Zenith Bank Plc has reaffirmed its position as one of Nigeria’s most financially resilient institutions following the Central Bank of Nigeria’s (CBN) latest directive suspending dividends, executive bonuses and foreign investments for banks operating under regulatory forbearance.
Analysis of Zenith Bank’s 2024 audited financial results suggests that the directive is unlikely to affect the bank’s operations, profitability, or its ongoing dividend policy.
The directive, issued on 13 June 2025, targets banks currently benefiting from regulatory relief related to credit exposures and breaches of the Single Obligor Limit (SOL). The CBN directed that affected banks must suspend capital distributions until their capital adequacy and provisioning levels are independently verified to comply with prevailing prudential standards.
However, Zenith Bank’s 2024 full-year financial results, released on 26 March 2025, present a compelling case that it remains largely insulated from the directive’s implications.
Strong Earnings and Dividend Continuity
Zenith Bank reported a profit after tax of ₦1.03 trillion, a 53% year-on-year increase from ₦676.9 billion reported in 2023. This was driven by an 86% growth in gross earnings to ₦3.97 trillion and a 135% rise in net interest income to ₦1.73 trillion.
Based on this robust performance, the bank declared a total dividend of ₦5.00 per share for the 2024 financial year, including a final dividend of ₦4.00. This underscores the bank’s consistent track record of delivering shareholder value through sustainable earnings, a position supported by strong fundamentals rather than one-off regulatory concessions.
Conservative Risk Management
Zenith Bank’s disciplined credit risk posture remains evident in its key asset quality indicators. The non-performing loan (NPL) ratio stood at 4.7%, within regulatory thresholds while the coverage ratio improved to 223%, signaling a well-provisioned loan book.
Although the bank has reportedly provisioned 20% of its limited forbearance exposure, analysts regard the risk as immaterial relative to the bank’s ₦11 trillion loan portfolio. Also, the bank maintained a stable cost of risk at 7.3% and improved its net interest margin to 9.5%.
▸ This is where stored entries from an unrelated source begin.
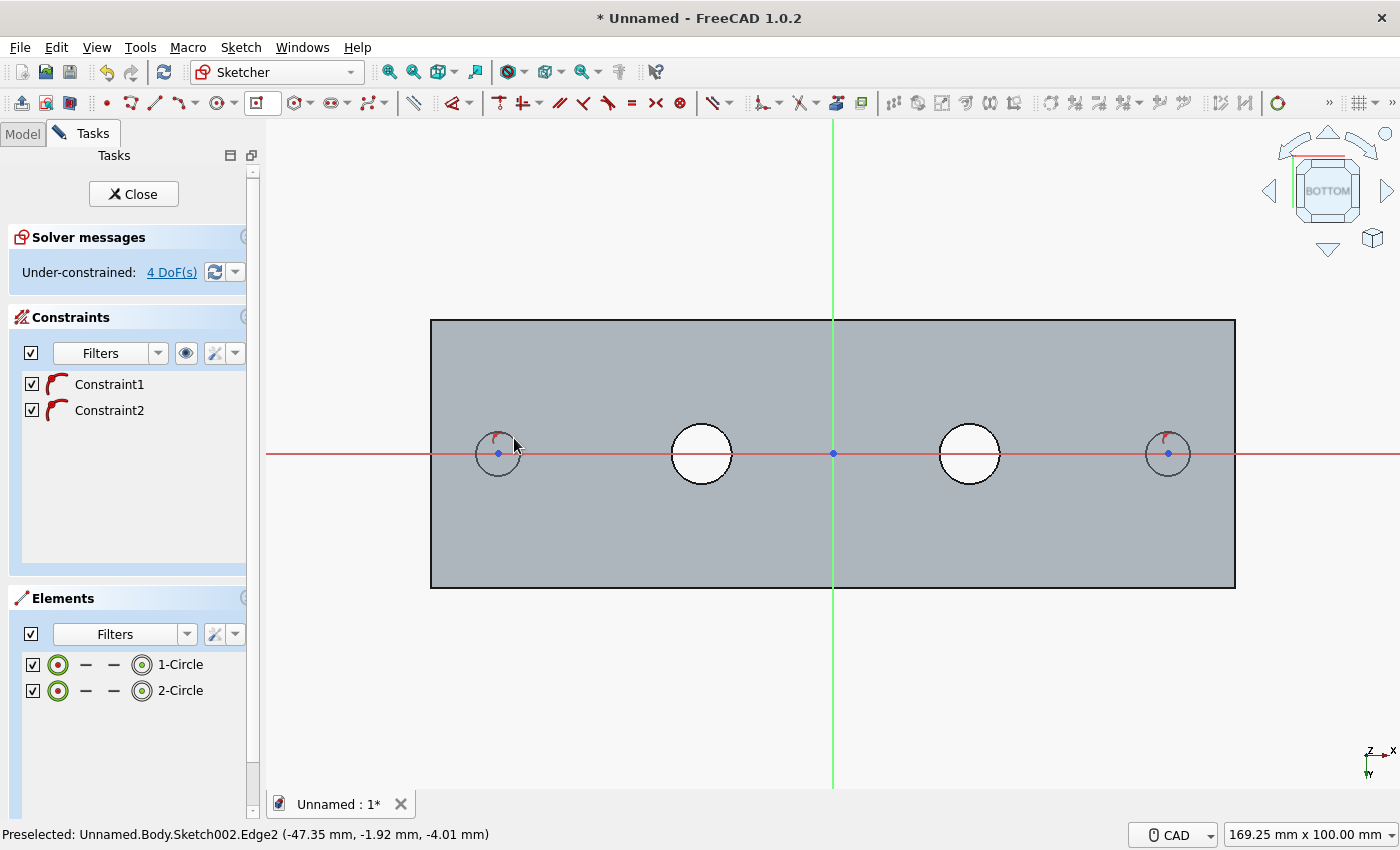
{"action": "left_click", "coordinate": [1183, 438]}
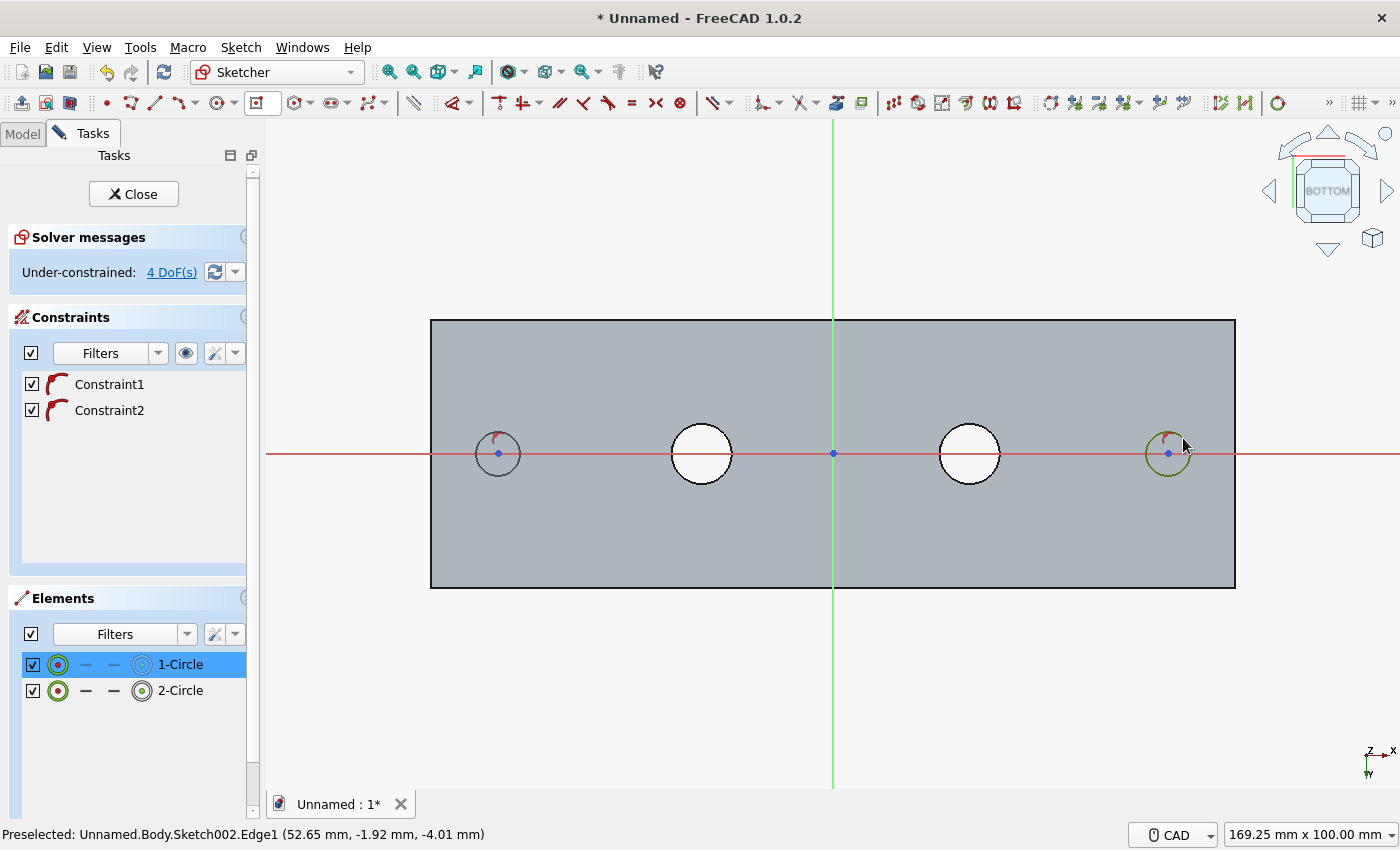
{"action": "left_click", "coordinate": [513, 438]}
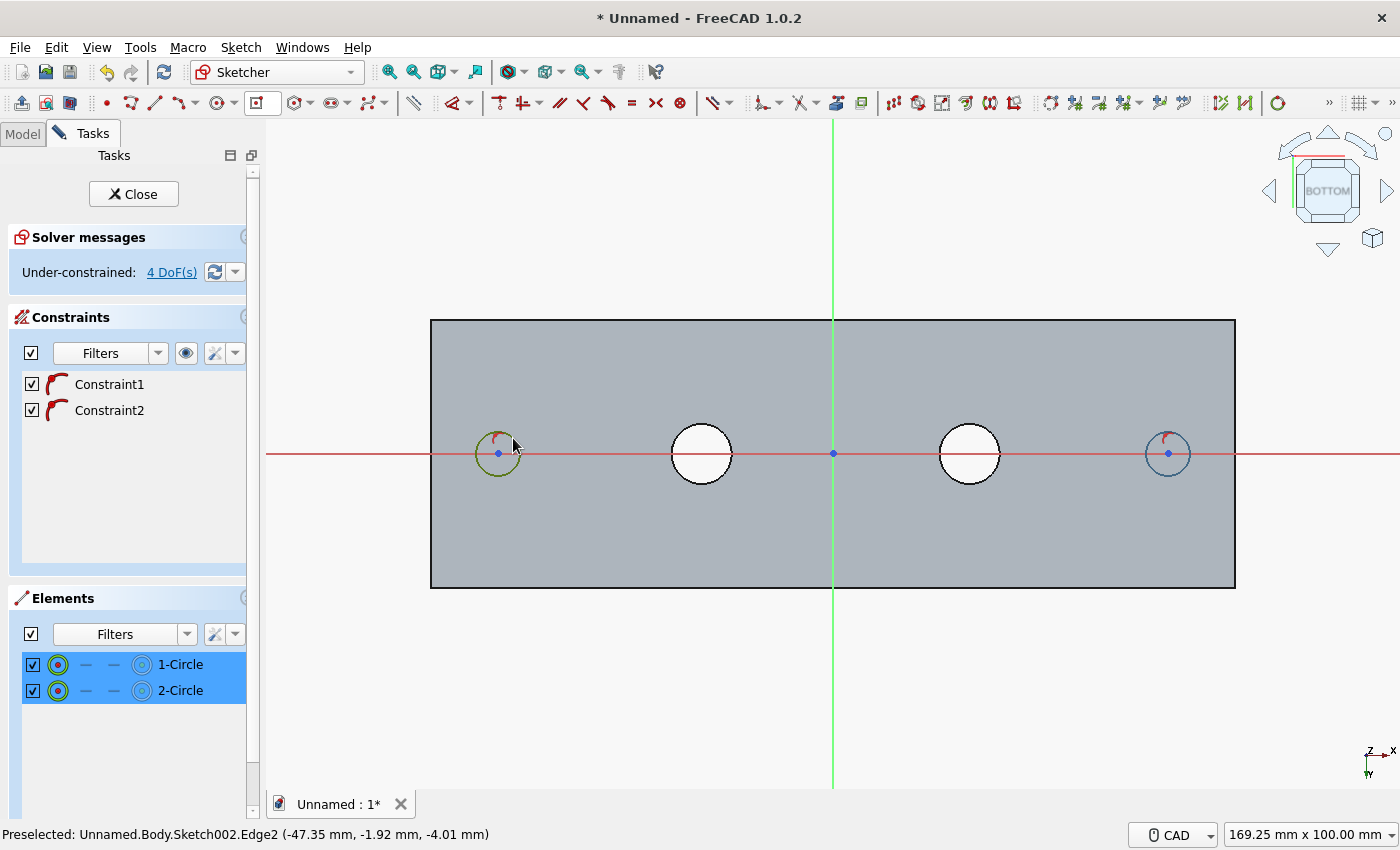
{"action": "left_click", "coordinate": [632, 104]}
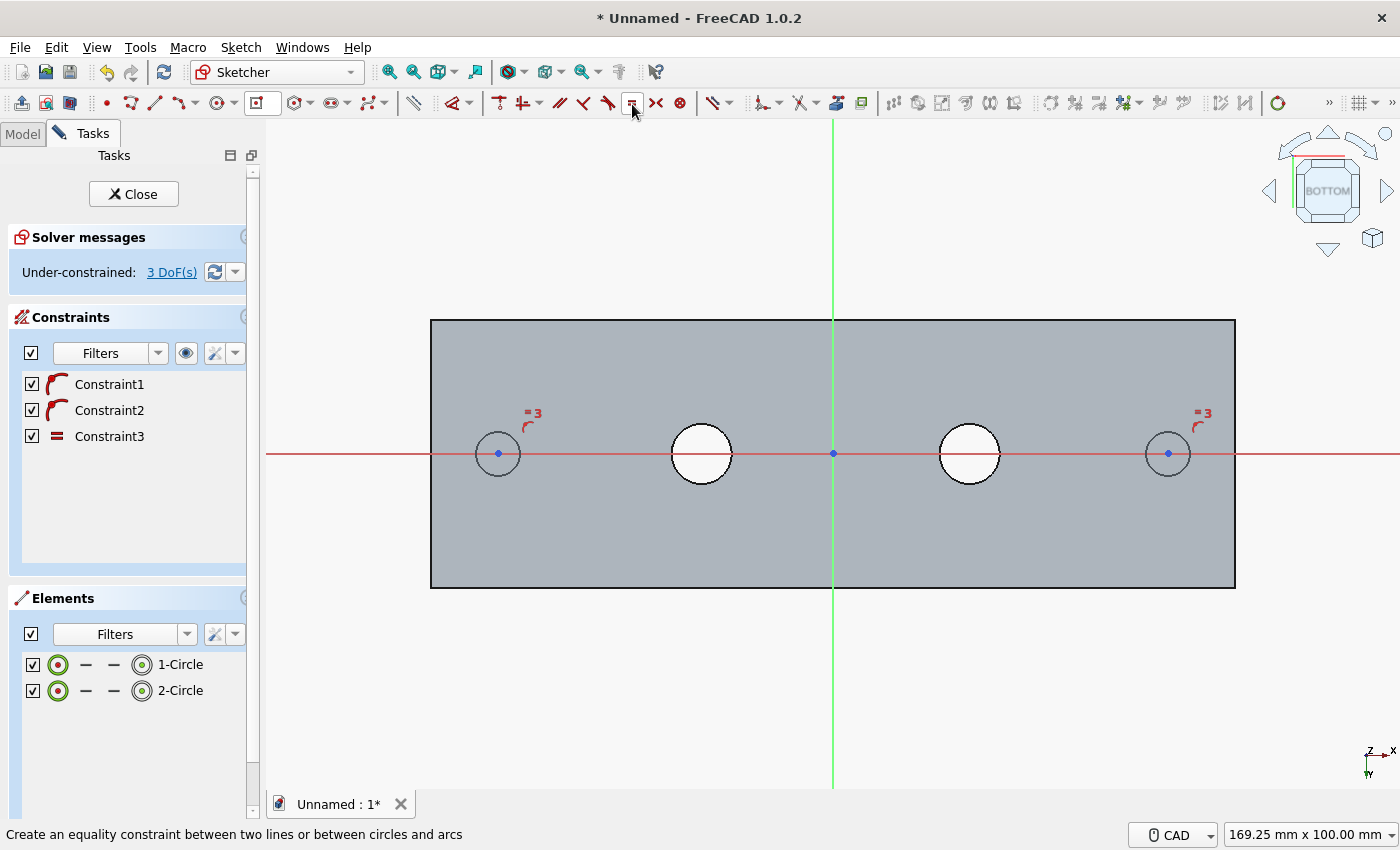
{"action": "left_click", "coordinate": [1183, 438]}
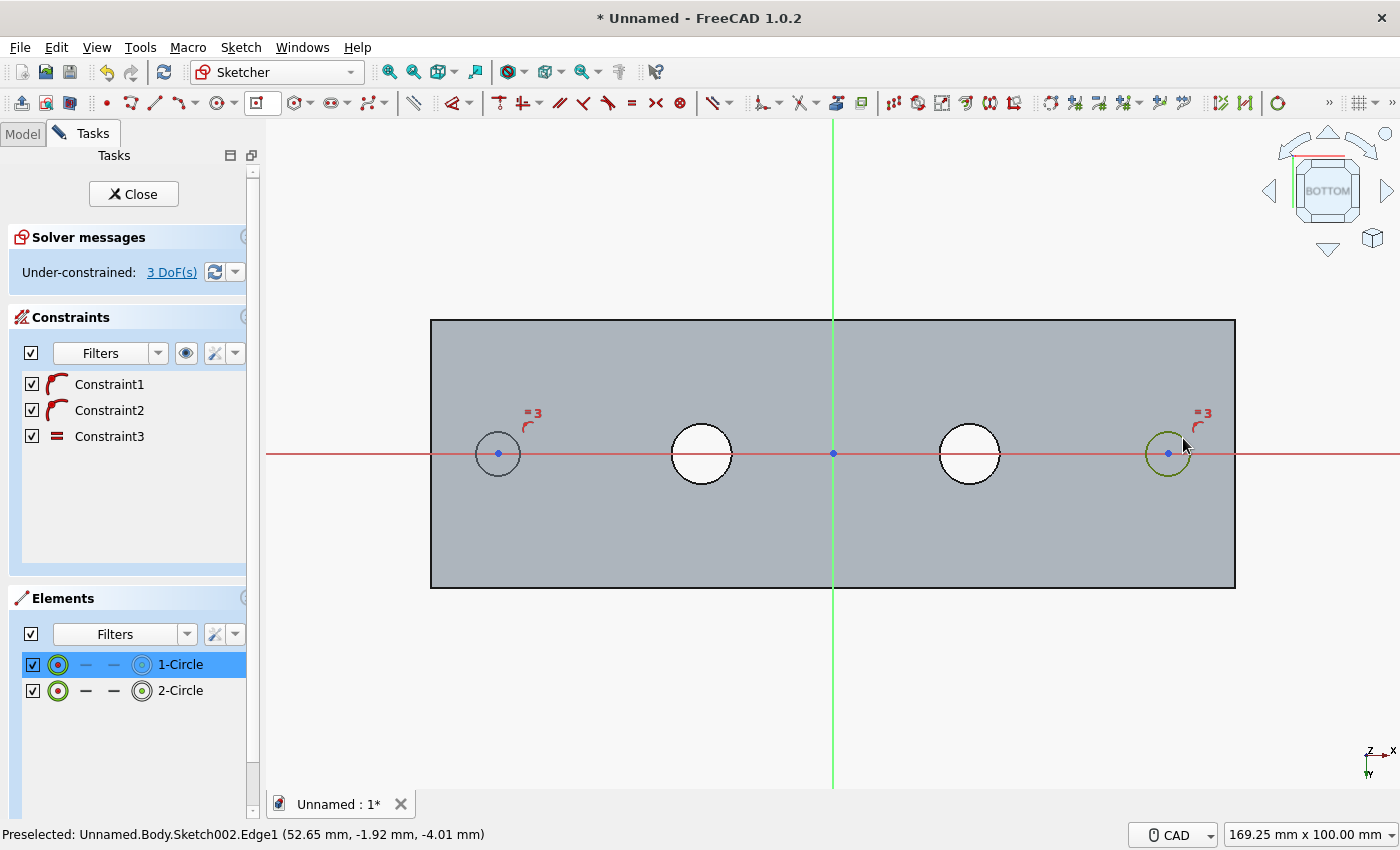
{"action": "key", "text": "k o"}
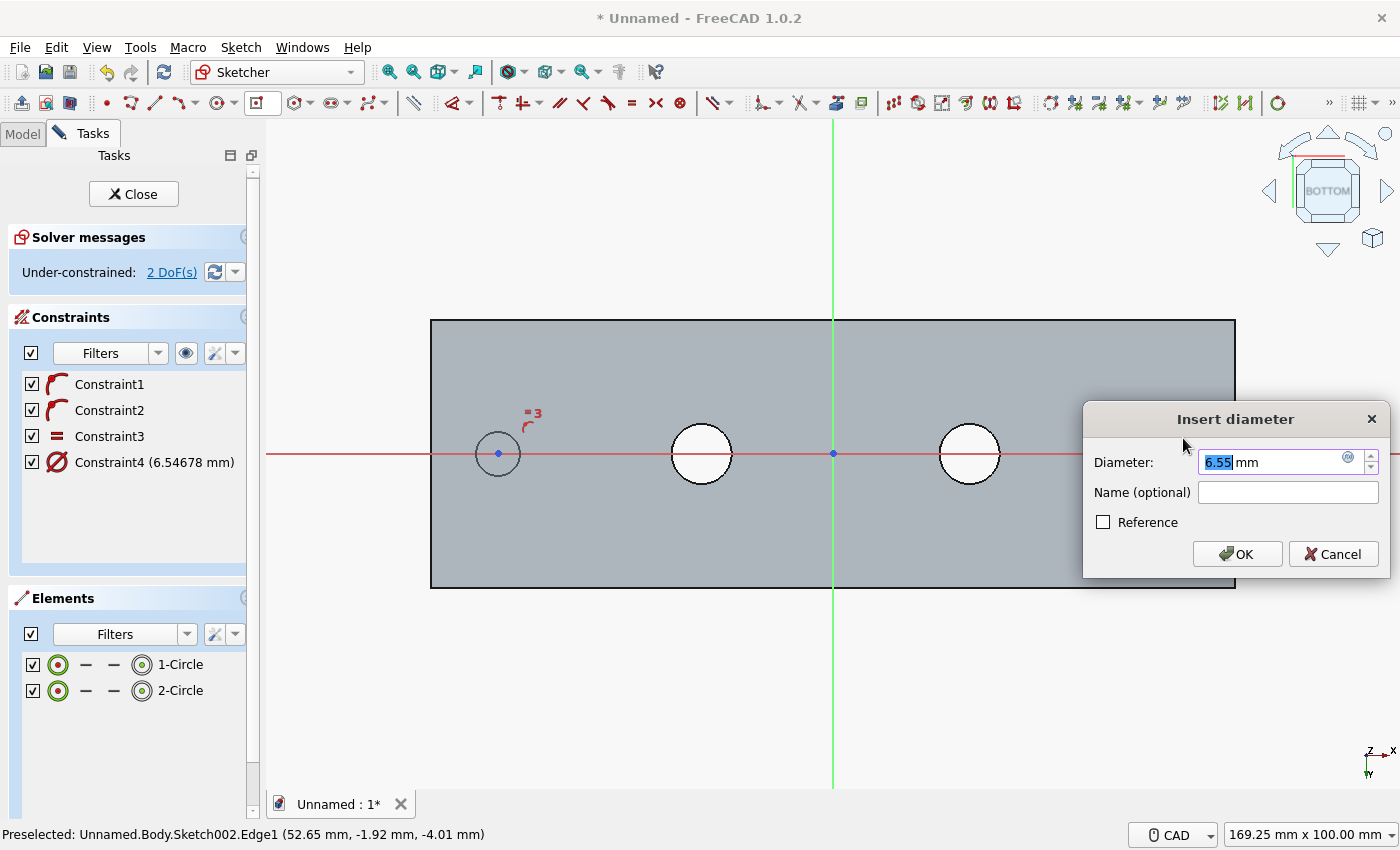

Capital Strength and Liquidity Buffer
Zenith Bank remains one of Nigeria’s most capitalized lenders. As of year-end 2024, the bank posted a capital adequacy ratio (CAR) of 25.6%, well above the regulatory minimum. This positions it to absorb asset quality shocks and meet evolving capital requirements under the CBN’s recapitalisation framework.
In 2024, the bank successfully raised over ₦500 billion through a rights issue and public offer, surpassing the CBN’s Tier 1 capital threshold. The offer was 160% oversubscribed, reflecting strong investor confidence in Zenith’s governance, long-term strategy and operational integrity.
Total assets grew by 47% to ₦29.96 trillion, while customer deposits increased by 45% to ₦21.96 trillion, supported by strong growth in both corporate and retail segments. Liquidity ratios stood at 83% for the group and 48% for the bank, providing significant buffer to support ongoing operations and compliance.
Zenith Bank Confirms Limited Forbearance Exposure
Building on its strong capital position, Zenith Bank Plc has formally clarified its regulatory status following the CBN’s forbearance directive.
According to an official statement signed by Company Secretary Michael O. Otu, the bank has already raised and surpassed the ₦500 billion minimum capital requirement, an evident of its preparedness for current and future regulatory benchmarks.
The bank confirmed that its exposure under the SOL forbearance is limited to a single obligor, and that this will be brought within compliance on or before 30 June 2025. In addition, the forbearance granted on other credit facilities applies to only two customers.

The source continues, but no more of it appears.